The Spotlight repository I have set up is a SQL database that ends up containing hourly performance counter samples for about 30 days. The list of available counters is quite comprehensive, but for this exercise I need the ones the SAN engineers will need to design the LUN layout on our new array. That is:

IO operations per second, per disk

Bandwidth required (quantity of data read and written per disk, rather than number of operations)

Also handy, Spotlight provides Disk Queue values for past time periods, so you can get some idea of which existing disks in your environment are busy, or maybe too busy. We're also able to cross-reference this with the performance counters from our exising SAN arrays, as a double-check.

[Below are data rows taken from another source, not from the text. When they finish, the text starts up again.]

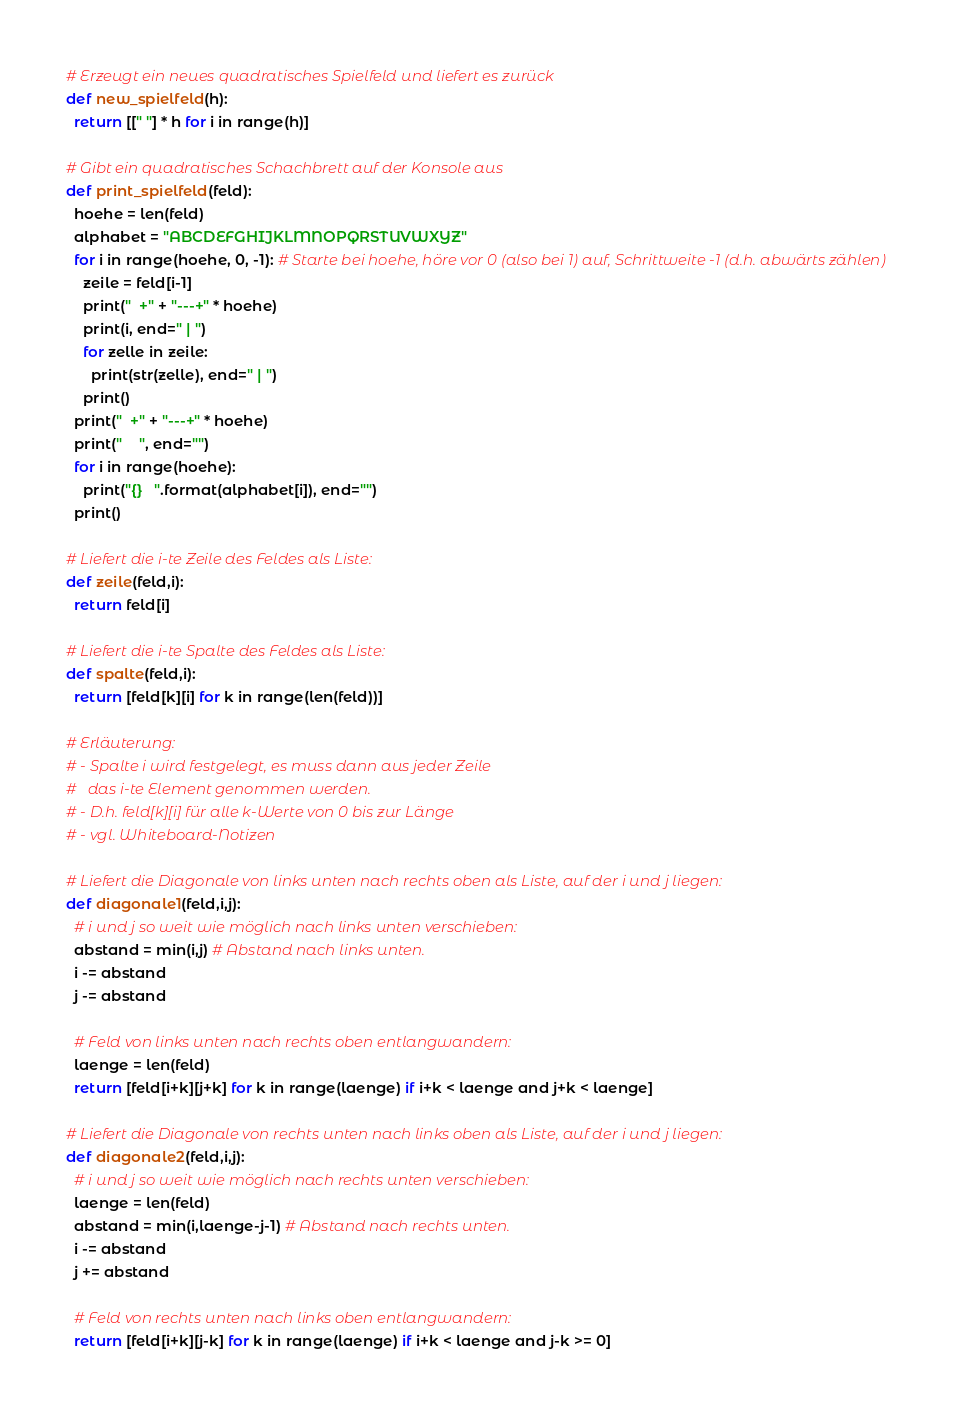<code> <loc_0><loc_0><loc_500><loc_500><_Python_># Erzeugt ein neues quadratisches Spielfeld und liefert es zurück
def new_spielfeld(h):
  return [[" "] * h for i in range(h)]

# Gibt ein quadratisches Schachbrett auf der Konsole aus
def print_spielfeld(feld):
  hoehe = len(feld)
  alphabet = "ABCDEFGHIJKLMNOPQRSTUVWXYZ"
  for i in range(hoehe, 0, -1): # Starte bei hoehe, höre vor 0 (also bei 1) auf, Schrittweite -1 (d.h. abwärts zählen)
    zeile = feld[i-1]
    print("  +" + "---+" * hoehe)
    print(i, end=" | ")
    for zelle in zeile:
      print(str(zelle), end=" | ")
    print()
  print("  +" + "---+" * hoehe)
  print("    ", end="")
  for i in range(hoehe):
    print("{}   ".format(alphabet[i]), end="")
  print()

# Liefert die i-te Zeile des Feldes als Liste:
def zeile(feld,i):
  return feld[i]

# Liefert die i-te Spalte des Feldes als Liste:
def spalte(feld,i):
  return [feld[k][i] for k in range(len(feld))]

# Erläuterung:
# - Spalte i wird festgelegt, es muss dann aus jeder Zeile
#   das i-te Element genommen werden.
# - D.h. feld[k][i] für alle k-Werte von 0 bis zur Länge
# - vgl. Whiteboard-Notizen

# Liefert die Diagonale von links unten nach rechts oben als Liste, auf der i und j liegen:
def diagonale1(feld,i,j):
  # i und j so weit wie möglich nach links unten verschieben:
  abstand = min(i,j) # Abstand nach links unten.
  i -= abstand
  j -= abstand

  # Feld von links unten nach rechts oben entlangwandern:
  laenge = len(feld)
  return [feld[i+k][j+k] for k in range(laenge) if i+k < laenge and j+k < laenge]

# Liefert die Diagonale von rechts unten nach links oben als Liste, auf der i und j liegen:
def diagonale2(feld,i,j):
  # i und j so weit wie möglich nach rechts unten verschieben:
  laenge = len(feld)
  abstand = min(i,laenge-j-1) # Abstand nach rechts unten.
  i -= abstand
  j += abstand

  # Feld von rechts unten nach links oben entlangwandern:
  return [feld[i+k][j-k] for k in range(laenge) if i+k < laenge and j-k >= 0]</code> 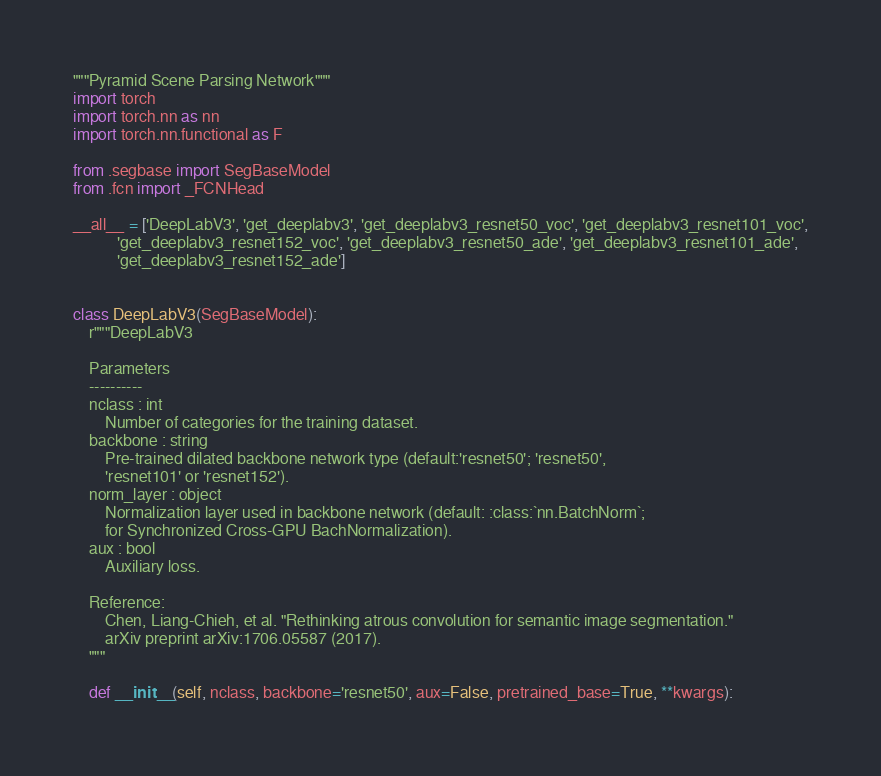Convert code to text. <code><loc_0><loc_0><loc_500><loc_500><_Python_>"""Pyramid Scene Parsing Network"""
import torch
import torch.nn as nn
import torch.nn.functional as F

from .segbase import SegBaseModel
from .fcn import _FCNHead

__all__ = ['DeepLabV3', 'get_deeplabv3', 'get_deeplabv3_resnet50_voc', 'get_deeplabv3_resnet101_voc',
           'get_deeplabv3_resnet152_voc', 'get_deeplabv3_resnet50_ade', 'get_deeplabv3_resnet101_ade',
           'get_deeplabv3_resnet152_ade']


class DeepLabV3(SegBaseModel):
    r"""DeepLabV3

    Parameters
    ----------
    nclass : int
        Number of categories for the training dataset.
    backbone : string
        Pre-trained dilated backbone network type (default:'resnet50'; 'resnet50',
        'resnet101' or 'resnet152').
    norm_layer : object
        Normalization layer used in backbone network (default: :class:`nn.BatchNorm`;
        for Synchronized Cross-GPU BachNormalization).
    aux : bool
        Auxiliary loss.

    Reference:
        Chen, Liang-Chieh, et al. "Rethinking atrous convolution for semantic image segmentation."
        arXiv preprint arXiv:1706.05587 (2017).
    """

    def __init__(self, nclass, backbone='resnet50', aux=False, pretrained_base=True, **kwargs):</code> 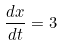Convert formula to latex. <formula><loc_0><loc_0><loc_500><loc_500>\frac { d x } { d t } = 3</formula>

Chunking the Spotlight Repository Data

The Spotlight repository schema is fairly easy to understand, especially if you take a peek at some of the provided reporting procs that come with the product. In essence, there's a table full of performance counter samples, and then ancillary tables that list your servers ("monitored objects") and friendly names of counters ("statistic_names," "statistic_keys"). A series of joins will provide a simple output of time, server, and counter value. I went ahead and encapsulated this in a view, so that I could use it for a variety of specific queries:

CREATE VIEW [dbo].[reportingPerfData] 
AS
SELECT
a.timecollected,
ds.datasource_name,
mo.monitored_object_name,
sc.statistic_class_name,
sn.statistic_name,
sk.statistic_key_value,
a.raw_value
FROM spotlight_perfdata a
INNER JOIN spotlight_stat_classes sc
ON a.statistic_class_id = sc.statistic_class_id
INNER JOIN spotlight_stat_names sn
ON a.statistic_name_id = sn.statistic_name_id
INNER JOIN spotlight_datasources ds
ON sc.datasource_id = ds.datasource_id
INNER JOIN spotlight_monitored_objects mo
ON a.monitored_object_id = mo.monitored_object_id
INNER JOIN spotlight_stat_keys sk
ON a.statistic_key_id = sk.statistic_key_id GO

The only tricky bit I found is that some of this is built on the EAV model (labeled rows in a generic table with a variant value column, instead of separate, clearly named columns). EAV just implies the first thing you have to write is a pivot to get the values you need into appropriate columns, cast to the right types. I wish Quest hadn't set it up this way, but it's a small peeve, and just having the data at all is great.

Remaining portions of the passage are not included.